А что завелся, что покраснел–то как мальчик? – вдруг спрашивал, откидываясь и глаз не спуская, почти весело спрашивал этот полузнакомый, так он изменился за три–четыре года последние, человек, так много где–то всего узнавший: нет, всамделе?!. Знаете! Ну, может, не на уровне слов там, фактов, – но шкурой чуете, где она и что почем. И эта... Интеллигенция эта, сука, тоже знает. Дурака только валяет: «ах, кто вас там разберет, левых–правых; вот же указ вышел – правильно же пишет, тоже ведь порядка хочет, мира, да и быть того не может, чтоб на таком верху – и врали так; нет–нет, я, знаете ли, в чем–то верю... – гниды! Вот кто гнида у нас всероссийская, дважды продажная с семнадцатого... напоганила и в кусты опять! Только зря это она думает, что отсидится – ну, зря же! Что забудут ей. И что ты мне ни говори, а знают они... знаем мы, кто такие мы есть. В самом где–нибудь ливере, нутрянке, через субботу на пятницу – но про подлянку свою знают, гады! На то мы русские, чтоб это знать.

Говори вот с таким.

Но и сам–то под простака придуряться мастер, всегда за ним водилось это, а книжный свой шкаф, между прочим, набил мудреным всяким. Кто–то там растолковывает все ему, по словам его – чуть ли не мудрец, обещал даже познакомить. И жене приказал молчать, что второй или уж третий год на заочный юридический, что ли, ходит, племяш летом проговорился, с мамкой приехавши: «И сестренка учится, и папка, один я не учусь... – И восхитился, когда в кухню дворовую впервые зашел: – Ой, у вас мух сколько!» – «А у вас что, нету их?» – «У нас только одна всего», – печально сказал он.

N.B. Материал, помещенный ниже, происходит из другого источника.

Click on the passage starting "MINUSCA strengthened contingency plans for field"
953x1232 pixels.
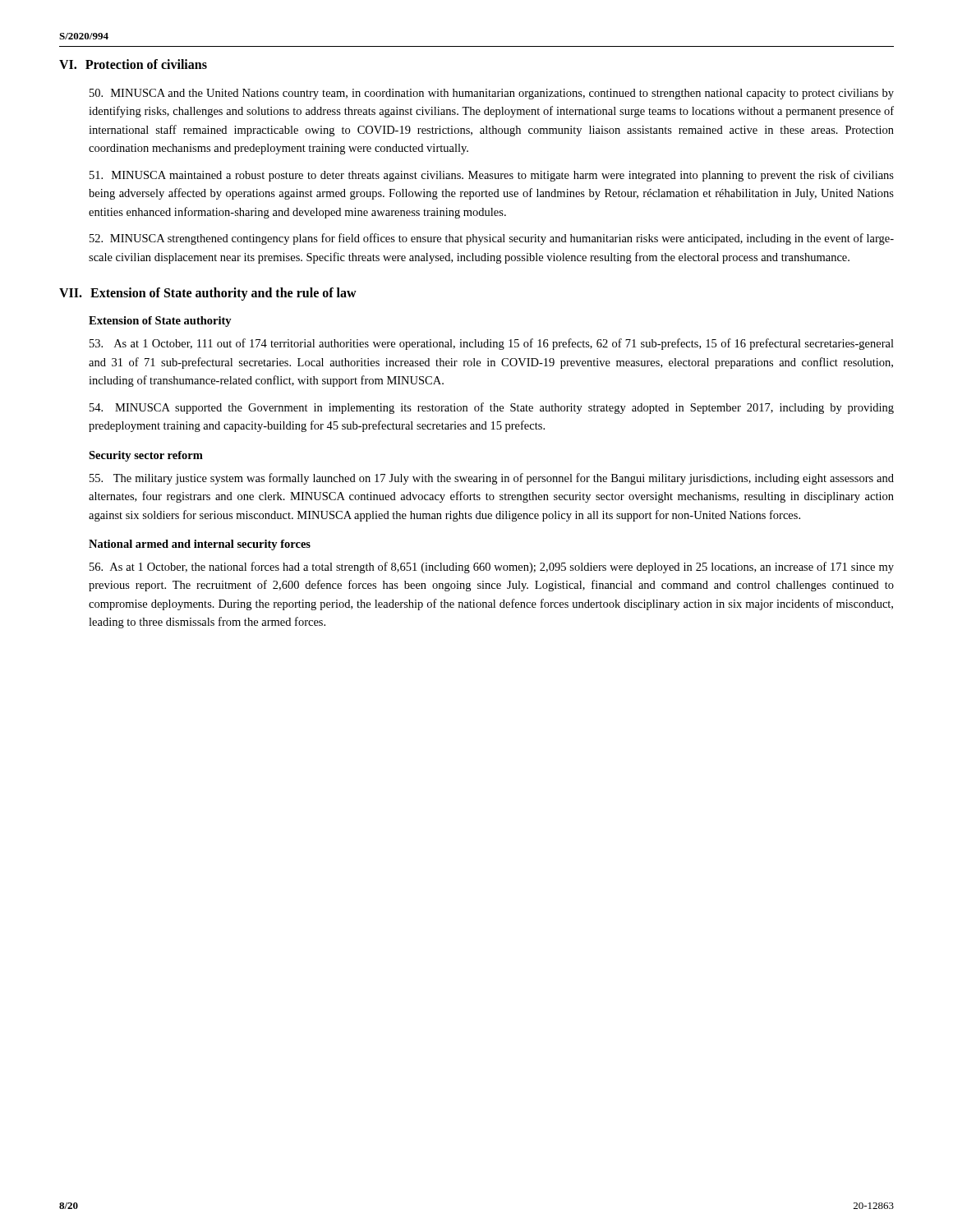(x=491, y=248)
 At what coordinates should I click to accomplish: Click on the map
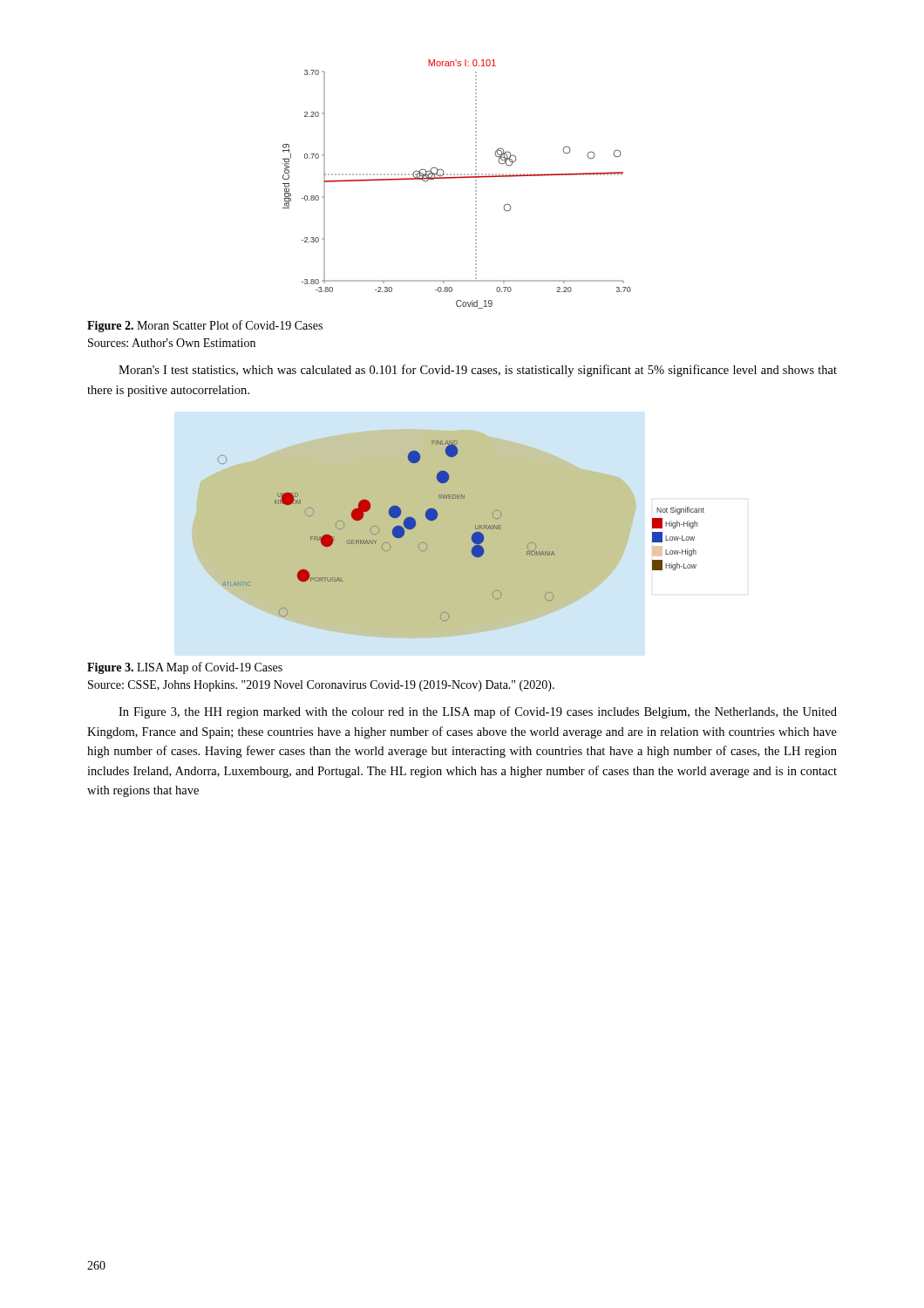pyautogui.click(x=462, y=534)
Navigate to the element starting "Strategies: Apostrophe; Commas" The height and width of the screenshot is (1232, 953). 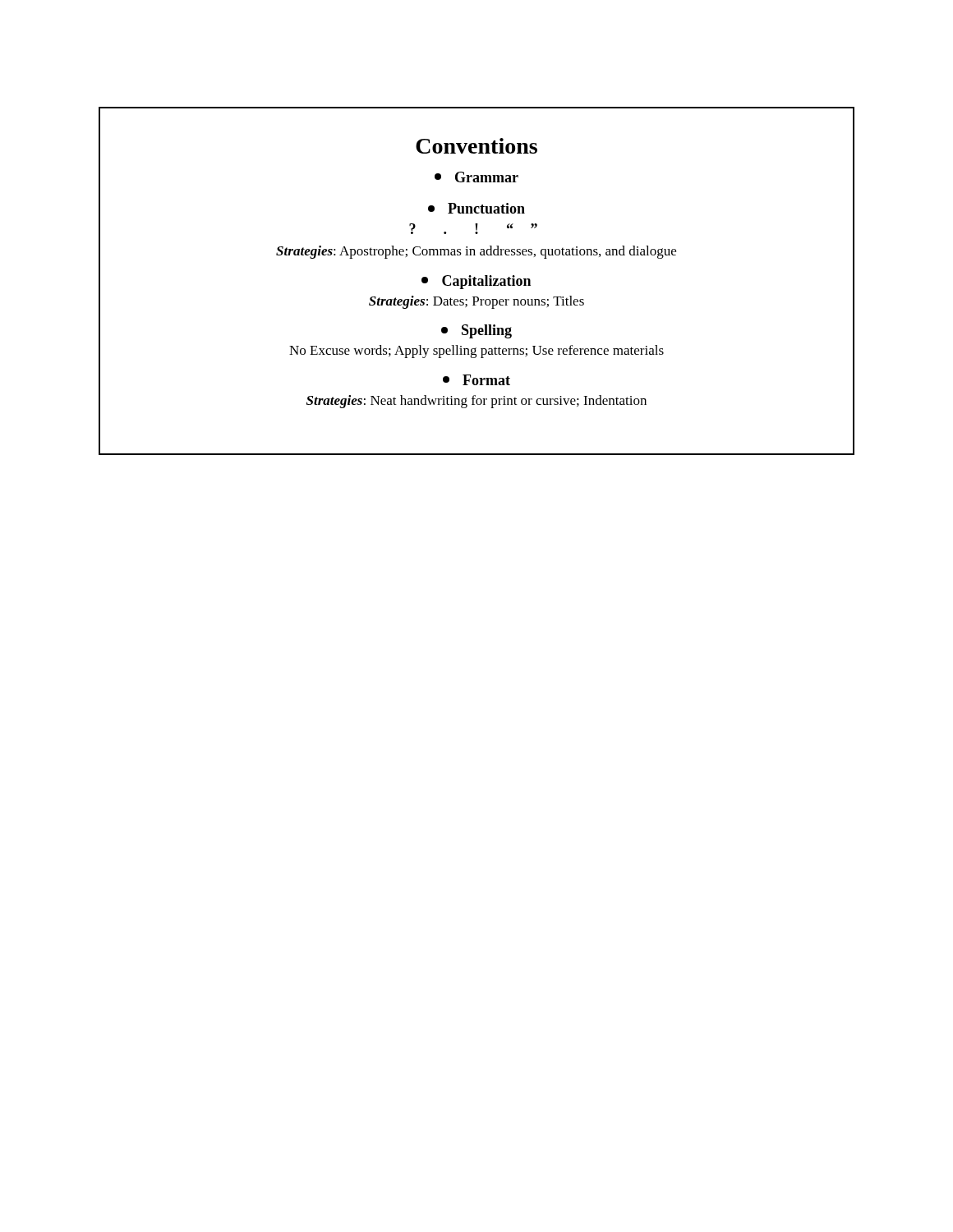476,251

Пошли дома поновее, места просторней и голее, небо мелькнуло раз, другой – но тоски не убавилось, будто ее, спертую, так и везло в этом забитом людьми, их дыханьем, потом и парфюмерной вонью, подневольном объеме куда–то навывоз, хотя вроде везде ее хватало теперь... для кого, зачем? Нет, видно, еще не везде, и вот развозили ее все дальше, дальше, и, как городская свалка, она расползалась, огромная, однажды им виденная, поганя отбросами и подминая навек уже под себя начавший серебриться было ковылек, степное пахучее черноземье, какому не прорасти теперь уж ничем... И какой–то в ней, тоске, или в нем самом, госте здесь, вопрос был, невнятный, – маял и языка себе, слова не находил. Денек, что ли, такой был, а с ним вместе дни эти, мало сказать – неспокойные; но в них же, под их пролетавшими где–то в страшащей высоте крылами, под бессильно торжествующим визгом радиопозывных была, жила явственно, стояла неколебимо какая–то не тишина даже – тишь. И весь вопрос, а может ответ сам был – там, в тени той тишины...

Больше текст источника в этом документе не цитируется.